Elizabeta Karabolli

Sport
- Sport: Shooting
- Club: Partizani Tirana

Medal record
European Championships
| Bronze medal – third place | 1977 Rome | 25m Pistol Women |
| Silver medal – second place | 1978 Hämeenlinna | 25m Pistol Women |
| Gold medal – first place | 1979 Frankfurt | 25m Pistol Women |
| Silver medal – second place | 1979 Frankfurt | 25m Pistol Women Team |
| Bronze medal – third place | 1981 Titograd | 25m Pistol Women Team |

= Elizabeta Karabolli =

Albanian-American sport shooter

Elisabeta Karabolli (Karabolli was her maiden name, her married name is Elisabeta Nishica), born 1958, is an Albanian-American sport shooter, who became the European Champion in air pistol, representing Albania. She was the first ever European champion from Albania in any sport.

==Sports career==
She competed in the European Championship three times doing successively better each time. In 1977 she took home the Bronze Medal from Rome, Italy.
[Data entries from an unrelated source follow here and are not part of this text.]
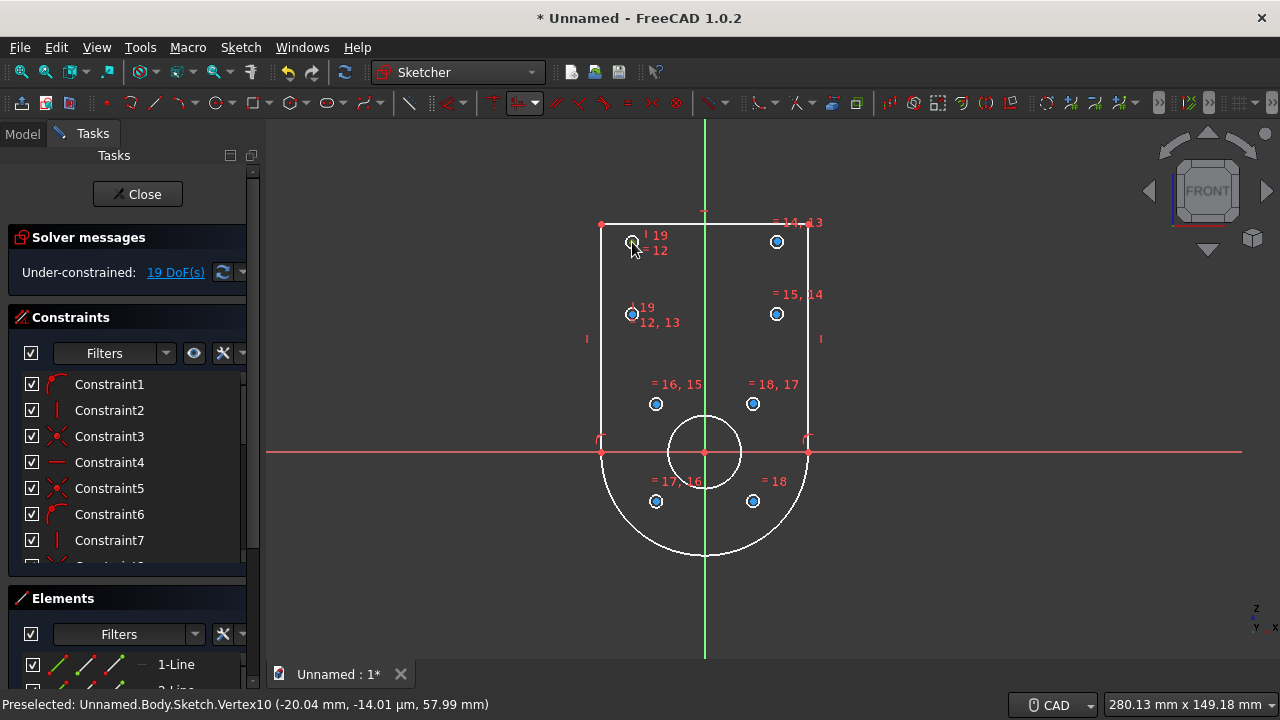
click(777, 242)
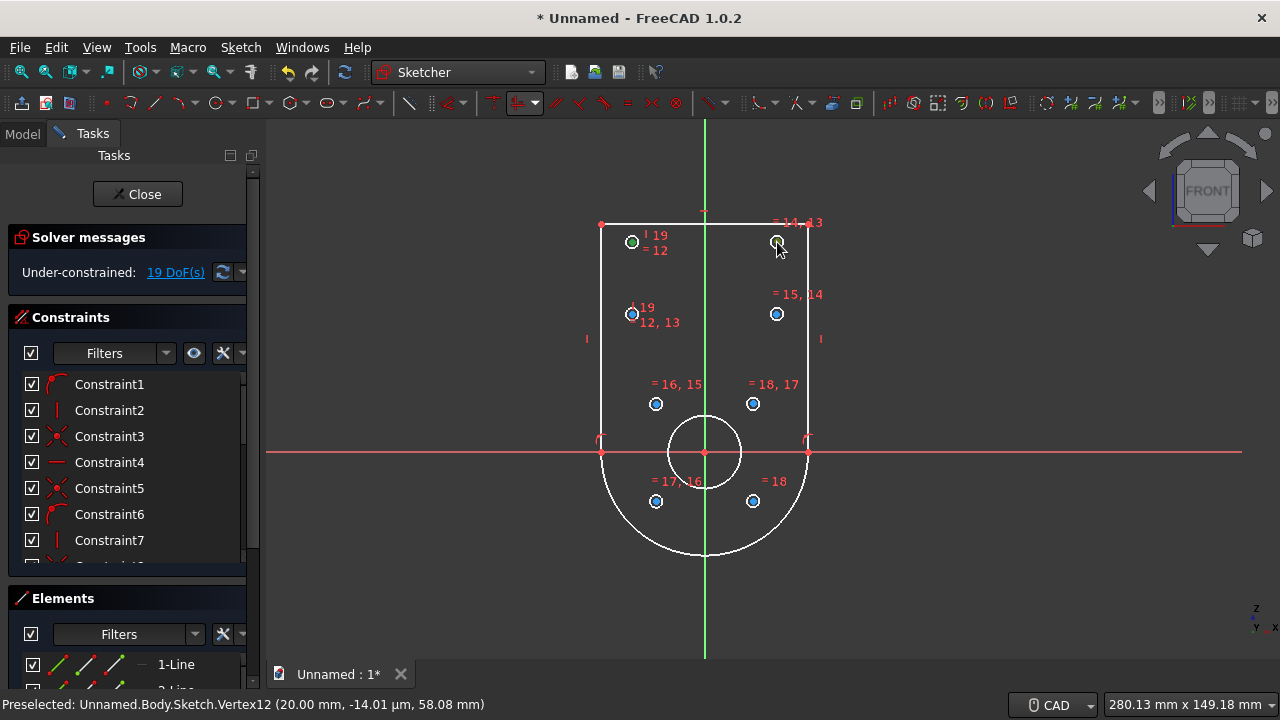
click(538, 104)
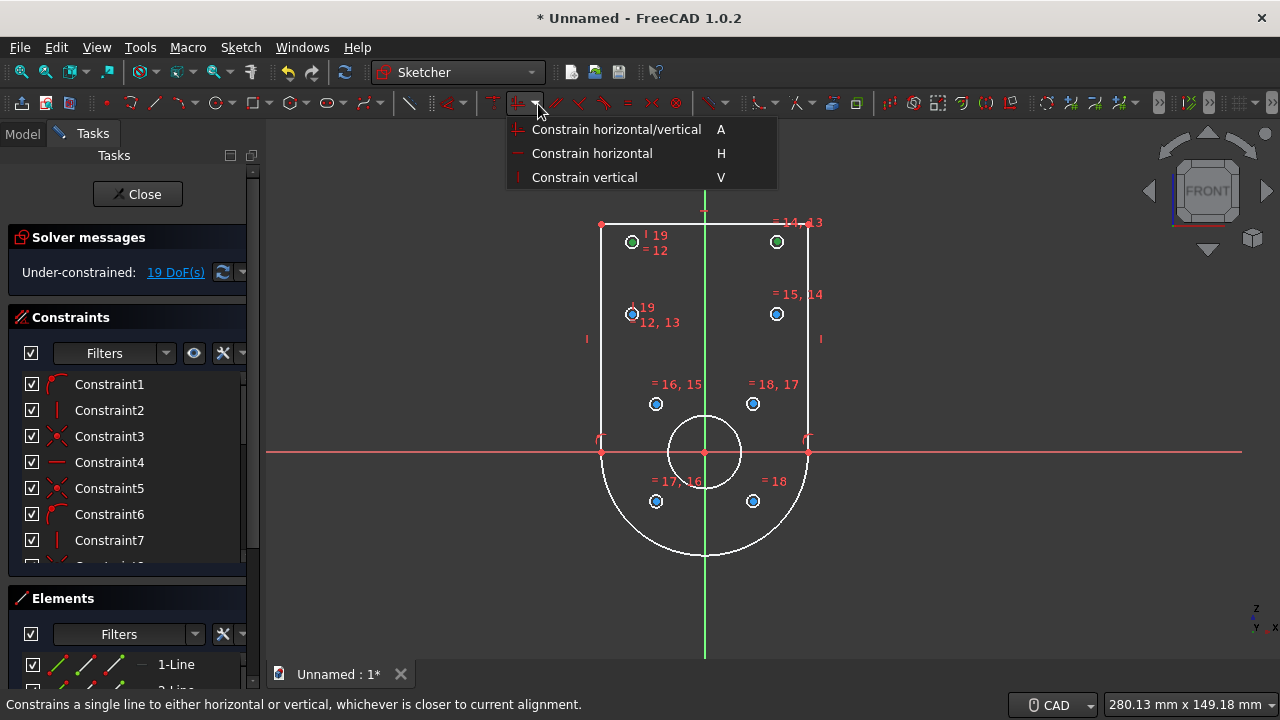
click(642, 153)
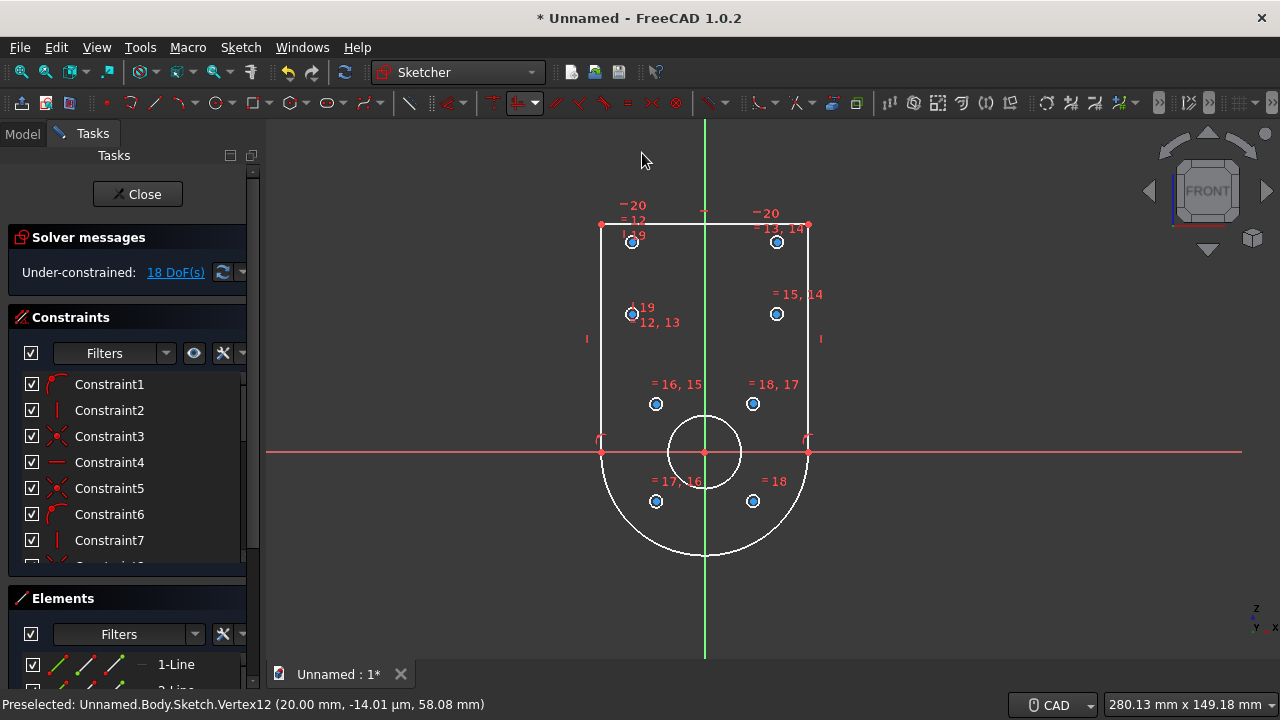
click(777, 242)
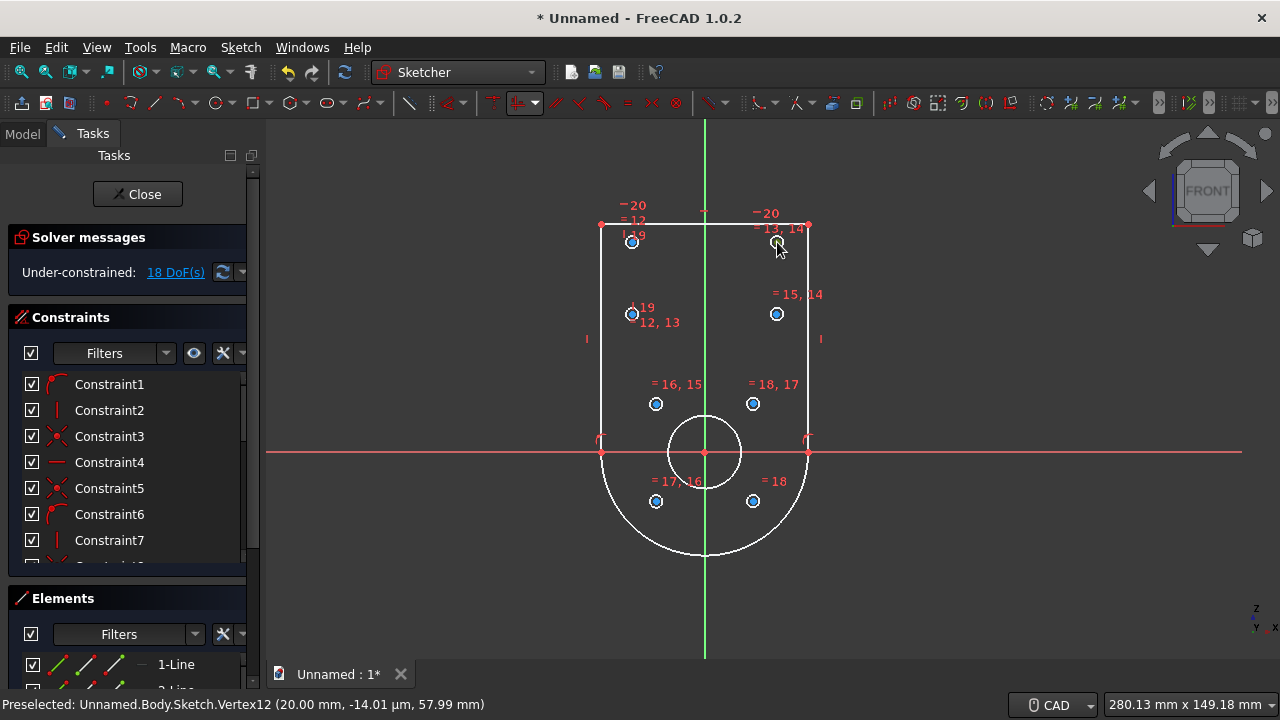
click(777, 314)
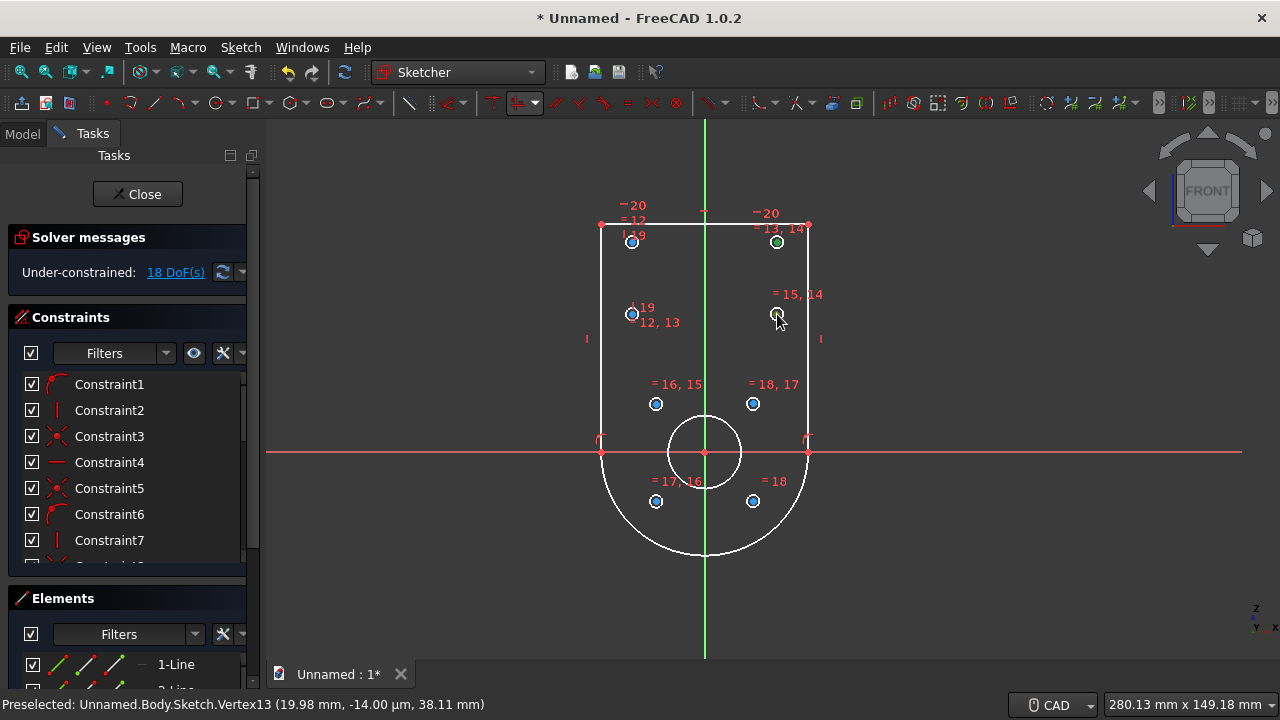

In 1978 she won the silver medal at the championships held at Hämeenlinna, Finland, and in 1979 she became the first Albanian to win a European Championship in pistol shooting when she took home the Gold Medal from Frankfurt am Main, Germany.

Naturalized as US citizen, and at the age of 50, Karabolli won the U.S. title in 2008 in the Women's Sport Pistol event.